▶ **Provided material**
····················

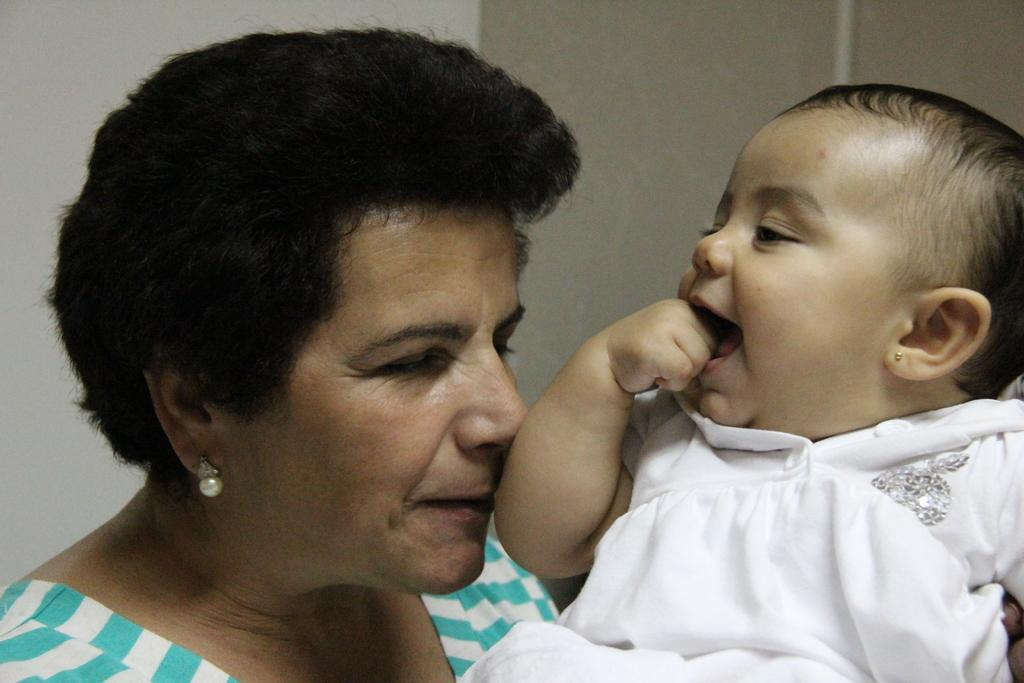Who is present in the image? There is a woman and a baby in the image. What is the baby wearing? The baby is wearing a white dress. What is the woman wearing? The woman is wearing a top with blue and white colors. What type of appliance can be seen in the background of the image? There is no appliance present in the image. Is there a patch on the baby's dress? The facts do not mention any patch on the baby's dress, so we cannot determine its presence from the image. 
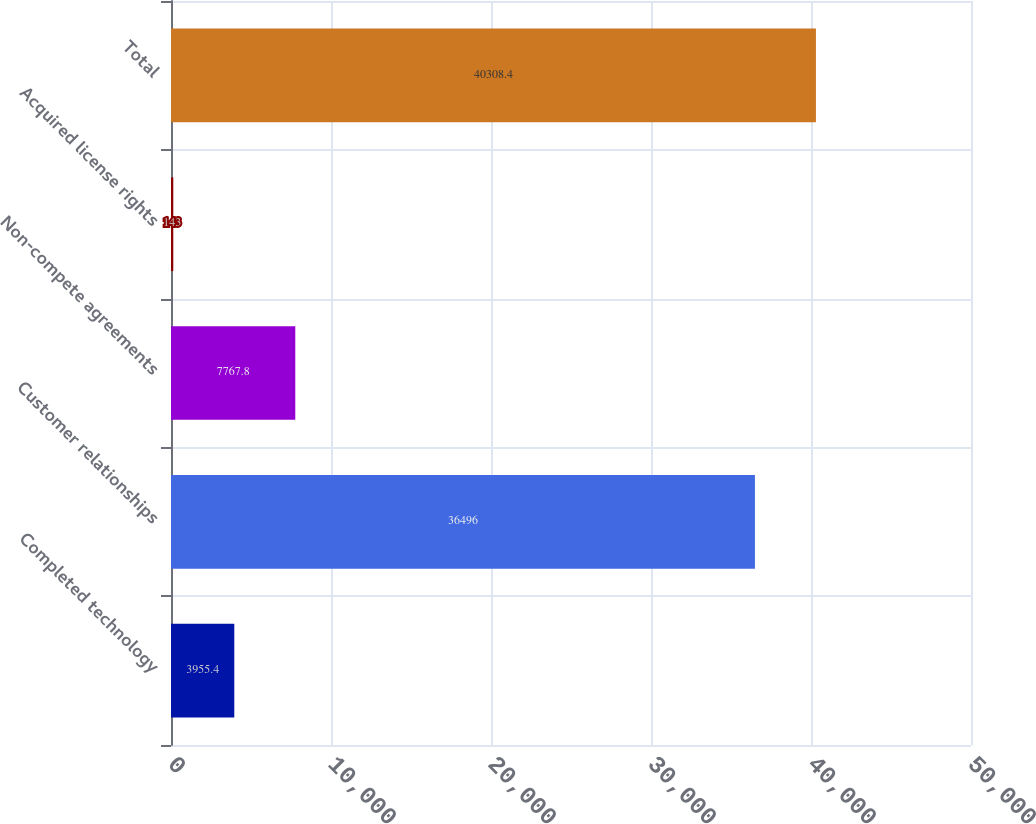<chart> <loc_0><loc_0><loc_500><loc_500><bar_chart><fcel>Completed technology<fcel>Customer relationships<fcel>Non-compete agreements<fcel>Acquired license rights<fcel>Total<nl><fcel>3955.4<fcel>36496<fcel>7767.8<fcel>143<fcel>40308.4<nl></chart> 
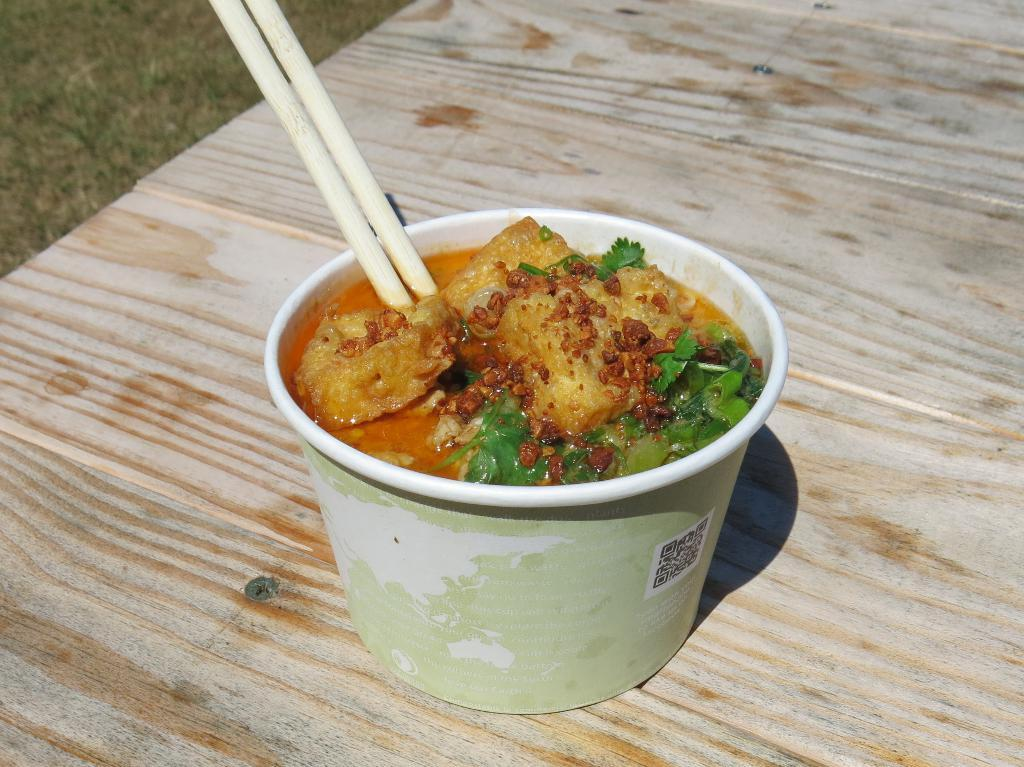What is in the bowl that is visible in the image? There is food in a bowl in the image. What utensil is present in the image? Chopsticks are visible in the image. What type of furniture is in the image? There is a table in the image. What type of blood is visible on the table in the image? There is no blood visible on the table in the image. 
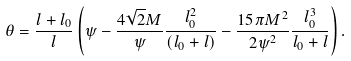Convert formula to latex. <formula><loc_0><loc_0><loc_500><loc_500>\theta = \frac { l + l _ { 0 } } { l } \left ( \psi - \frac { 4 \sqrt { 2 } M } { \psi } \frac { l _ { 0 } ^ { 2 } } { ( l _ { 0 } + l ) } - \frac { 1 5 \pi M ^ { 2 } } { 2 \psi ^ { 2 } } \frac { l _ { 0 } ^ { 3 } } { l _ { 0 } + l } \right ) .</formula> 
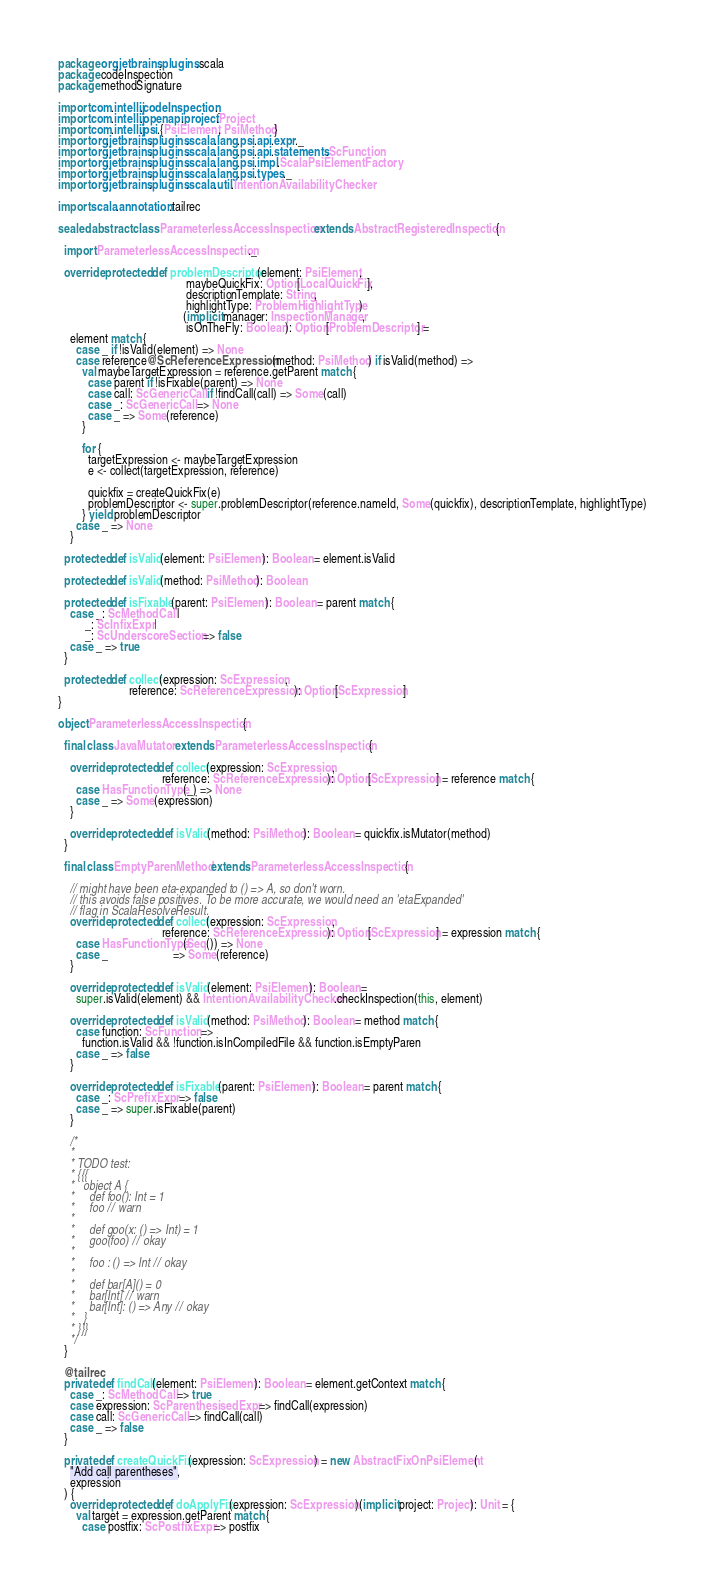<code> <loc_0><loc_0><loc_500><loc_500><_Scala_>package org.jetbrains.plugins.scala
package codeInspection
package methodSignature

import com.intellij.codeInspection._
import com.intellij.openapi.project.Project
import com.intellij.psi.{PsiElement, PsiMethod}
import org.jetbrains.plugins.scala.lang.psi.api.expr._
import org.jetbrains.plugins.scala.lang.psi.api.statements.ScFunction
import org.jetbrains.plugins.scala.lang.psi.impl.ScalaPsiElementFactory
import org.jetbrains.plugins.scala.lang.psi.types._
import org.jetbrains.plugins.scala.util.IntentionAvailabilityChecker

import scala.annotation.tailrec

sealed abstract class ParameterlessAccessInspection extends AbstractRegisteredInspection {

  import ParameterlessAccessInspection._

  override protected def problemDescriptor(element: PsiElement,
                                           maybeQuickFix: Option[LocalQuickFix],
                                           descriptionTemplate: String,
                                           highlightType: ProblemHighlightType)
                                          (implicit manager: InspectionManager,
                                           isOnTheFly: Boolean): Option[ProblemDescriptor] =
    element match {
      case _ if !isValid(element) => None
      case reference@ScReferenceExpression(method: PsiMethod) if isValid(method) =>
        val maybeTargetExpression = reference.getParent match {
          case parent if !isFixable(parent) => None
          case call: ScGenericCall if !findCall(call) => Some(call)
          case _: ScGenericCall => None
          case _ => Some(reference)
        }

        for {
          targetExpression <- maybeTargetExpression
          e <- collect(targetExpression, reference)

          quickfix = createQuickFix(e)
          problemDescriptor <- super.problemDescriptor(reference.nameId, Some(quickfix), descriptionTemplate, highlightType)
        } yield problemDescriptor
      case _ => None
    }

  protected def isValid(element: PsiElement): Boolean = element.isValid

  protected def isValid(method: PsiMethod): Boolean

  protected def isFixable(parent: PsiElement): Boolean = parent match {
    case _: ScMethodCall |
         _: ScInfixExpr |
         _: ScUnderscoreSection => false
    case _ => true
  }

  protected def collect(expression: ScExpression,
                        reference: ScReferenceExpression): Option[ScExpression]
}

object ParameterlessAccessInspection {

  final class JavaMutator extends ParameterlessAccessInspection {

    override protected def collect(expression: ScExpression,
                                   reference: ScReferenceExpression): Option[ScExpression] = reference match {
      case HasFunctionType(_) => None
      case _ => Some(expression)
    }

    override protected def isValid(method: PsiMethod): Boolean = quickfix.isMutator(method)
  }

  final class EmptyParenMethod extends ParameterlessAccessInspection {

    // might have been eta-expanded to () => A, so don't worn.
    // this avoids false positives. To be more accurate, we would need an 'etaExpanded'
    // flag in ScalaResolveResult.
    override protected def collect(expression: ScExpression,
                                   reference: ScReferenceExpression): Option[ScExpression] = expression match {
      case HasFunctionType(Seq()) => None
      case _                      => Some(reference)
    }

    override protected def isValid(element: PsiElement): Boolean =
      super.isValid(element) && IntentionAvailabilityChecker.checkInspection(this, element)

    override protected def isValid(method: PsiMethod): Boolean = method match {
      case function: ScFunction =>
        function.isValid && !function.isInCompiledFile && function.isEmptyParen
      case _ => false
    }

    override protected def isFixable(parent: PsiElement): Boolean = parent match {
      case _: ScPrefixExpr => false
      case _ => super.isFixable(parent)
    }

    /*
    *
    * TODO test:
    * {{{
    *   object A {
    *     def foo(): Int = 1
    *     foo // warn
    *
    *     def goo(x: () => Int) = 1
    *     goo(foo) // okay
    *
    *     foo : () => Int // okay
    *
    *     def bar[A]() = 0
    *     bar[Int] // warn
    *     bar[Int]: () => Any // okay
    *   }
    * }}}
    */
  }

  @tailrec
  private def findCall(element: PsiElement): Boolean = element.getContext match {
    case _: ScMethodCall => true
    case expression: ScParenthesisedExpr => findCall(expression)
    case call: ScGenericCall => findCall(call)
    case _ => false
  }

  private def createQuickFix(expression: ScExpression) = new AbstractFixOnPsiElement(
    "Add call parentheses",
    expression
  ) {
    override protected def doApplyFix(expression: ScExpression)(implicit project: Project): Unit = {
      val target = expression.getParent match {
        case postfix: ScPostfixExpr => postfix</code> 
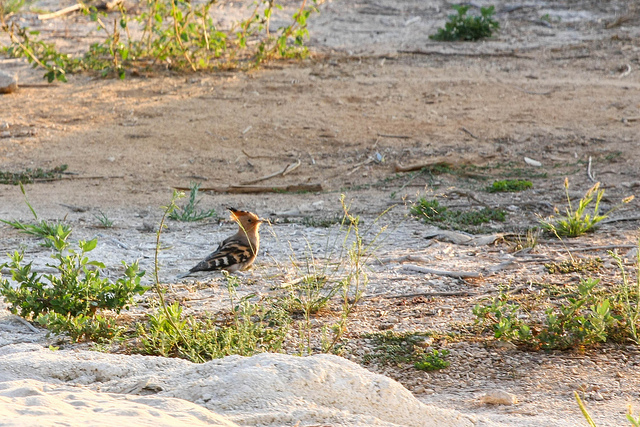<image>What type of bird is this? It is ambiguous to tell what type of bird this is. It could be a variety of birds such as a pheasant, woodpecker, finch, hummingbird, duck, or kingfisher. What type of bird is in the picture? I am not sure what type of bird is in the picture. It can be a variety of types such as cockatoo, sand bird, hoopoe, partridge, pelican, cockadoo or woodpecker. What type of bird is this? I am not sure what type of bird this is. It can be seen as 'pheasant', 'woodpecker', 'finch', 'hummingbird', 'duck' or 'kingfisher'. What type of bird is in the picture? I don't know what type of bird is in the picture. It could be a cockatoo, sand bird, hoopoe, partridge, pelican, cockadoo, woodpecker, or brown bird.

····················

▶ **Work task**
State the number of lines in the records that hold the string "ScGenericCall", and add nothing.

▶ **Answer to this task**
3